I'm really delighted that these PCs have become sort of half-assed iconics for NBA. That's neat. Mace Hunter's reach gradually grows.


----------



## Hypersmurf (May 15, 2013)

Piratecat said:


> Oh, cool. Thanks!
> 
> I'm really delighted that these PCs have become sort of half-assed iconics for NBA. That's neat. Mace Hunter's reach gradually grows.

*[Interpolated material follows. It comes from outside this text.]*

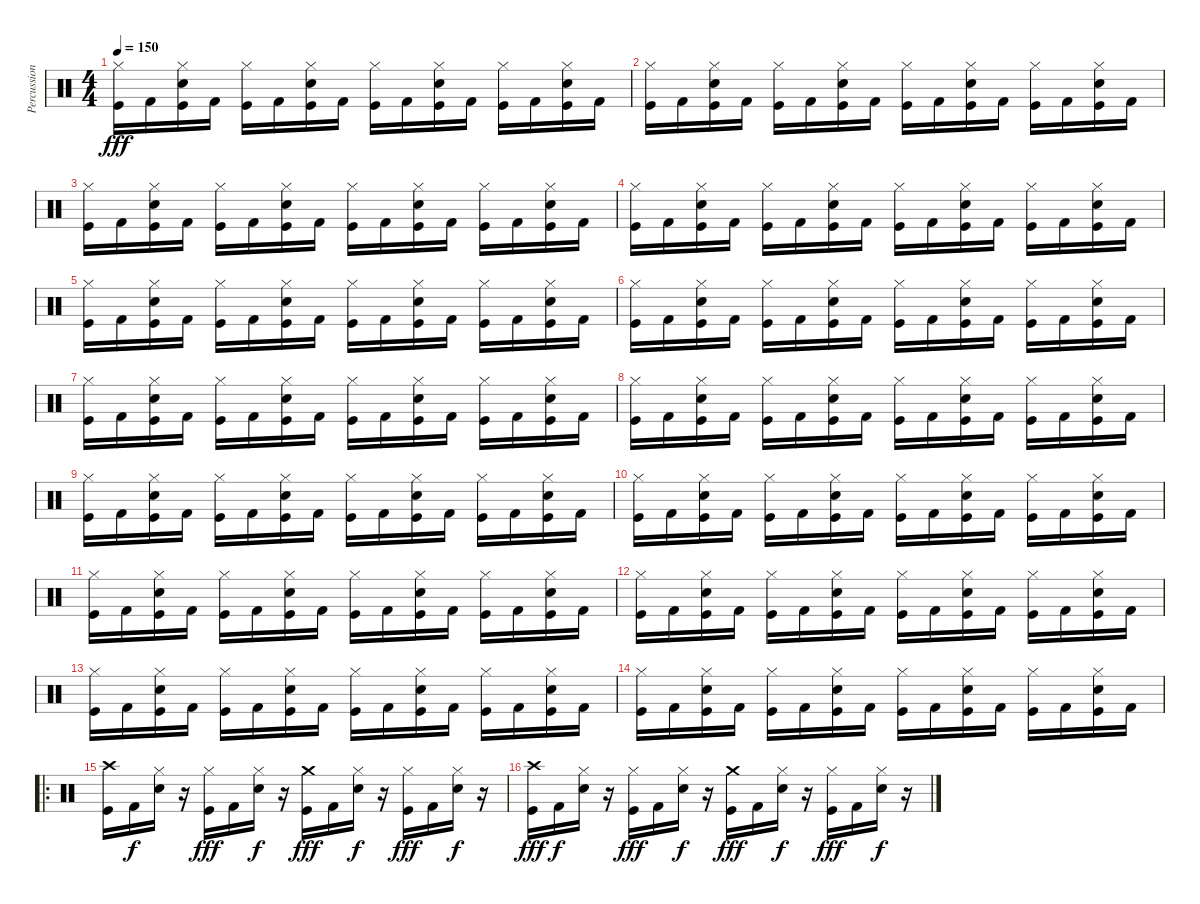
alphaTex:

What's his meta-story?  Is he a pregen who's migrated from system to system over the years?

And yeah - as the only set of pregens available for download from the official NBA site, I think their iconic status is probably more than just _de facto_!

-Hyp.


----------



## Piratecat (May 15, 2013)

Hypersmurf said:


> What's his meta-story?  Is he a pregen who's migrated from system to system over the years?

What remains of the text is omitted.